*** Opening Source material ***

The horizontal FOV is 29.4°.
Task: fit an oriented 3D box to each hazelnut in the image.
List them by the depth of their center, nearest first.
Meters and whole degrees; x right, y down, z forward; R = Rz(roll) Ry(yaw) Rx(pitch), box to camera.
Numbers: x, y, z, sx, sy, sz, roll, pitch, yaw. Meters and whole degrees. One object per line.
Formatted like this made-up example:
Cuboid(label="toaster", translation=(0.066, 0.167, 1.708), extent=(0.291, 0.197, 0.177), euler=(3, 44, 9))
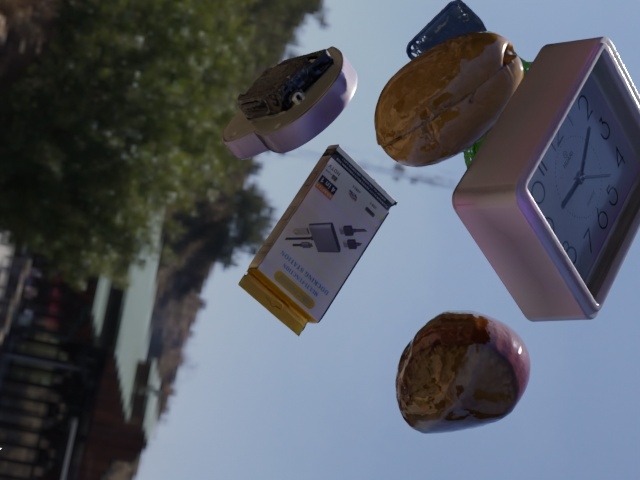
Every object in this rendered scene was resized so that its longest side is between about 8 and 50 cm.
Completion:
Cuboid(label="hazelnut", translation=(0.205, 0.188, 1.830), extent=(0.186, 0.210, 0.210), euler=(27, 71, -60))

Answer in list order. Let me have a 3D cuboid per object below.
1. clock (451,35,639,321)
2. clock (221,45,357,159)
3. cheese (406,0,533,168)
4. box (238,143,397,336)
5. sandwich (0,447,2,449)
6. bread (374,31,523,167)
Cuboid(label="clock", translation=(0.202, -0.049, 0.986), extent=(0.063, 0.150, 0.197), euler=(-3, -137, 45))
Cuboid(label="clock", translation=(-0.035, -0.177, 1.452), extent=(0.172, 0.064, 0.198), euler=(-51, -154, -24))
Cuboid(label="cheese", translation=(0.243, -0.148, 1.463), extent=(0.204, 0.320, 0.083), euler=(-42, -174, 22))
Cuboid(label="box", translation=(0.000, 0.000, 1.689), extent=(0.033, 0.129, 0.247), euler=(-4, -131, 57))
Cuboid(label="sandwich", translation=(-0.493, 0.242, 1.447), extent=(0.159, 0.235, 0.079), euler=(-36, -138, 18))
Cuboid(label="bread", translation=(0.141, -0.155, 1.309), extent=(0.189, 0.114, 0.077), euler=(-37, -179, -6))
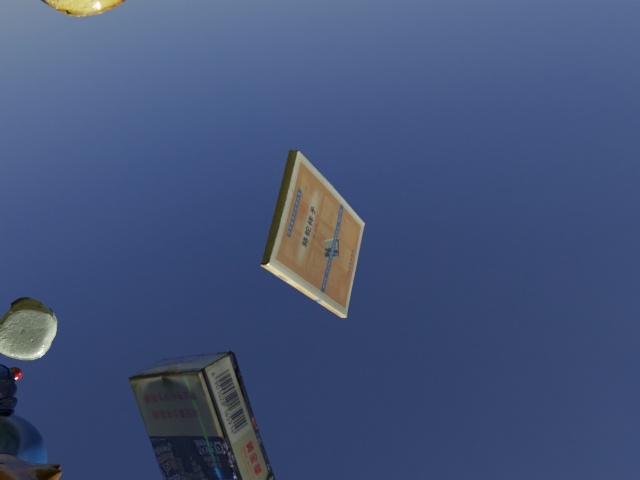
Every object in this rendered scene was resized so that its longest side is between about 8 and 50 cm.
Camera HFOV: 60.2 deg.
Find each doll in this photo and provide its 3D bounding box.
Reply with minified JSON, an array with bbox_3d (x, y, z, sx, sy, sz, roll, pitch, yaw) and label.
[{"bbox_3d":[-0.679,0.410,1.089,0.240,0.284,0.310,-13,-113,-14],"label":"doll"}]

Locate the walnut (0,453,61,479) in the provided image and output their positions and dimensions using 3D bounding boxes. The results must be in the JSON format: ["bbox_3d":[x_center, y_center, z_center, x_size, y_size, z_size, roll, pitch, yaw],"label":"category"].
[{"bbox_3d":[-0.522,0.411,0.757,0.209,0.209,0.336,22,-146,39],"label":"walnut"}]

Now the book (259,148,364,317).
[{"bbox_3d":[0.001,0.000,0.812,0.018,0.241,0.170,1,-112,29],"label":"book"}]

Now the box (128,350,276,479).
[{"bbox_3d":[-0.197,0.355,0.954,0.198,0.310,0.084,-14,-175,35],"label":"box"}]

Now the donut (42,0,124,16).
[{"bbox_3d":[-0.407,-0.455,0.923,0.178,0.065,0.162,27,-117,10],"label":"donut"}]

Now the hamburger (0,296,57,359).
[{"bbox_3d":[-0.708,0.214,1.330,0.140,0.133,0.062,-64,-156,0],"label":"hamburger"}]
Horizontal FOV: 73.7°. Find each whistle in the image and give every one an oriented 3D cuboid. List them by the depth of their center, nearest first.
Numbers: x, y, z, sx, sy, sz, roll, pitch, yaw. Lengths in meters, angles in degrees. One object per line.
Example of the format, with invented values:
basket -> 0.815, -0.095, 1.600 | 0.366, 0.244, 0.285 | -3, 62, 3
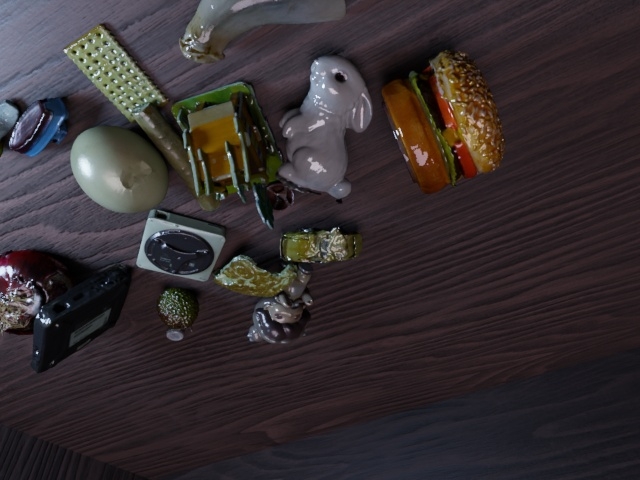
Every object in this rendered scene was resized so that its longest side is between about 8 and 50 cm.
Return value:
whistle -> -0.892, -0.290, 1.139 | 0.223, 0.123, 0.123 | -43, 126, 7

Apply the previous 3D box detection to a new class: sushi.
sushi -> 0.000, 0.003, 1.483 | 0.290, 0.131, 0.139 | 0, 111, 4

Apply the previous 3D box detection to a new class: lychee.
lychee -> -0.553, 0.255, 1.653 | 0.170, 0.171, 0.171 | -3, 134, -3

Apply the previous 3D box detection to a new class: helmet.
helmet -> -0.132, -0.139, 1.371 | 0.111, 0.057, 0.089 | -9, 99, 11

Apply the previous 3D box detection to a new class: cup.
cup -> -0.585, 0.363, 1.785 | 0.102, 0.099, 0.074 | 11, 133, -15

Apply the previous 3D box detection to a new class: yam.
yam -> -0.401, -0.230, 1.234 | 0.083, 0.083, 0.372 | -16, 137, 10

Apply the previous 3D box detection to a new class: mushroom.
mushroom -> -0.143, -0.521, 0.956 | 0.396, 0.126, 0.177 | -15, 142, 4

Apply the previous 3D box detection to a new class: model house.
model house -> -0.245, -0.178, 1.151 | 0.242, 0.313, 0.358 | -12, 135, 9

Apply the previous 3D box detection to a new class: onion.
onion -> -1.019, 0.170, 1.490 | 0.313, 0.232, 0.315 | -5, 112, -12

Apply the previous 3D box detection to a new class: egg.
egg -> -0.543, -0.190, 1.172 | 0.219, 0.219, 0.269 | -31, 131, 23

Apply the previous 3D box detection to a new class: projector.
projector -> -0.487, 0.031, 1.487 | 0.256, 0.079, 0.259 | 16, 132, -20

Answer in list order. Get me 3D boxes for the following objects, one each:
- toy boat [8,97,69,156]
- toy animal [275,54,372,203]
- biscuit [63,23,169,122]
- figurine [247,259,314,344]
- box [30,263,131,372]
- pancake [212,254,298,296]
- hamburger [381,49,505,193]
toy boat -> -0.745, -0.297, 1.148 | 0.223, 0.100, 0.097 | -31, 166, 28
toy animal -> 0.022, -0.302, 1.152 | 0.257, 0.194, 0.358 | 22, 121, -12
biscuit -> -0.517, -0.419, 1.094 | 0.138, 0.016, 0.231 | -22, 131, 17
figurine -> -0.140, 0.249, 1.665 | 0.248, 0.203, 0.381 | 2, 122, -28
box -> -0.844, 0.278, 1.520 | 0.091, 0.359, 0.350 | 38, 127, 7
pancake -> -0.246, 0.120, 1.543 | 0.375, 0.054, 0.198 | -1, 131, 20
hamburger -> 0.312, -0.293, 1.081 | 0.249, 0.330, 0.330 | -23, 132, 13
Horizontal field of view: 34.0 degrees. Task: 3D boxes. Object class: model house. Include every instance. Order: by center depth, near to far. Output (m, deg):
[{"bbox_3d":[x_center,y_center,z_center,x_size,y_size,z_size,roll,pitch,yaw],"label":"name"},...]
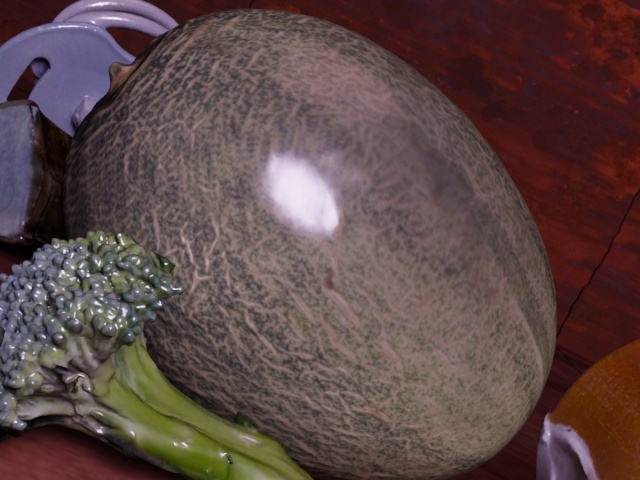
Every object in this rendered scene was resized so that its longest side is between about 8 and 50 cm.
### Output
[{"bbox_3d":[-0.227,-0.028,0.864,0.152,0.106,0.165,38,29,-52],"label":"model house"}]

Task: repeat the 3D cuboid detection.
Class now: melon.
[{"bbox_3d":[-0.002,0.009,0.633,0.329,0.248,0.248,41,2,-13],"label":"melon"}]

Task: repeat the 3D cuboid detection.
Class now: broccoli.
[{"bbox_3d":[-0.077,0.082,0.503,0.204,0.122,0.118,39,15,-22],"label":"broccoli"}]

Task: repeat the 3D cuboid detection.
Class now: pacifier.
[{"bbox_3d":[-0.255,-0.135,1.263,0.299,0.244,0.233,21,37,-37],"label":"pacifier"}]

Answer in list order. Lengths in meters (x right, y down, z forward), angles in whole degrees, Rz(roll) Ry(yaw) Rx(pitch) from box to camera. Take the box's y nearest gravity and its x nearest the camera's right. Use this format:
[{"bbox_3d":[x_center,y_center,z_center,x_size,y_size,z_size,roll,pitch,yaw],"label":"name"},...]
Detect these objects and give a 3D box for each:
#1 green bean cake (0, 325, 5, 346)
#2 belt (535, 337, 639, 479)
[{"bbox_3d":[-0.211,0.007,0.424,0.193,0.107,0.208,25,4,-7],"label":"green bean cake"},{"bbox_3d":[0.287,0.177,0.618,0.339,0.217,0.122,29,10,-21],"label":"belt"}]

*** Closing Source material ***

Task prompt
The number of lines in the entries holding the word "them" is what is needed. Supply that number only.

Response area
2